OPTIMIZING UAM CORPUS FOR TRANSITIVITY PROCESS REGARDING TO COVID-19 NEWS IN INDONESIA FROM FEBRUARY TO MARCH 2020

Authors

  • Heri Heryono Widyatama University

DOI:

https://doi.org/10.33197/ejlutama.vol5.iss1.2020.484

Keywords:

SFL, transitivity process, UAM corpus, Covid-19, news

Abstract

In Systemic Functional Language (SFL), texts are analyzed by their transitivity system; and for the process are well-known as transitivity process. Practically, text parsing takes much time, since the part of text should be parsed manually and analyzed partially. By optimizing UAM corpus tool, the parsing process will get maximum results. UAM concerns on manual as well as semi-automatic annotation because of its lack of accuracy using automatic annotation. In this research, the texts are crawled from The Jakarta Post news article, especially in the form of online data.

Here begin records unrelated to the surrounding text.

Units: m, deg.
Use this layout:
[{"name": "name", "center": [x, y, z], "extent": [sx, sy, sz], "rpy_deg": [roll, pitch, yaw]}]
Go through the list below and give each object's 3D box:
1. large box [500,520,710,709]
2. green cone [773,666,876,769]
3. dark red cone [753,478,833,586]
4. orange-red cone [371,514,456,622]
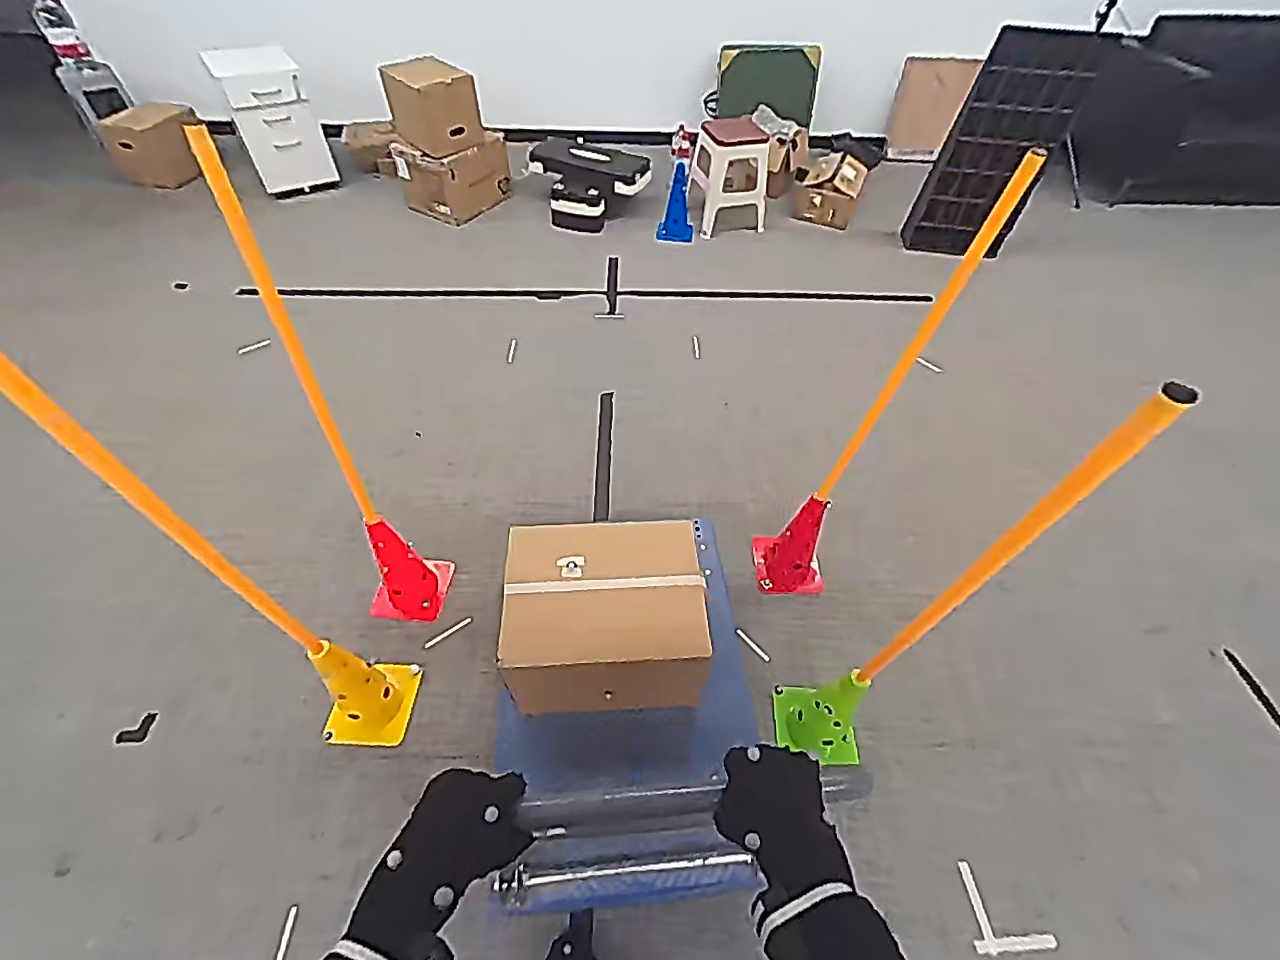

Those data (texts) are generated by UAM in order to get transitivity properties. The data are taken from February to March which contain Covid-19 issues in Indonesia. The result shows that between the time periods from February to March, the transitivity process regarding to the issue of Covid-19 in Indonesia has changed. It especially refers to the three process; material, mental and verbal process. During that period, material process slightly decreases from 58.72% to 57.59%, which emerges an assumption that people in Indonesia start to decrease their physical activity in March. While in mental process, it significantly elevates from 5.03% to 7.59% which could be assumed that people, including government, tend to think about the issue more seriously. While in the verbal process, it grows by about 2% from 16.11% in February to 18.62% in March which leads to an assumption that people have spread out the issue or the news to the other.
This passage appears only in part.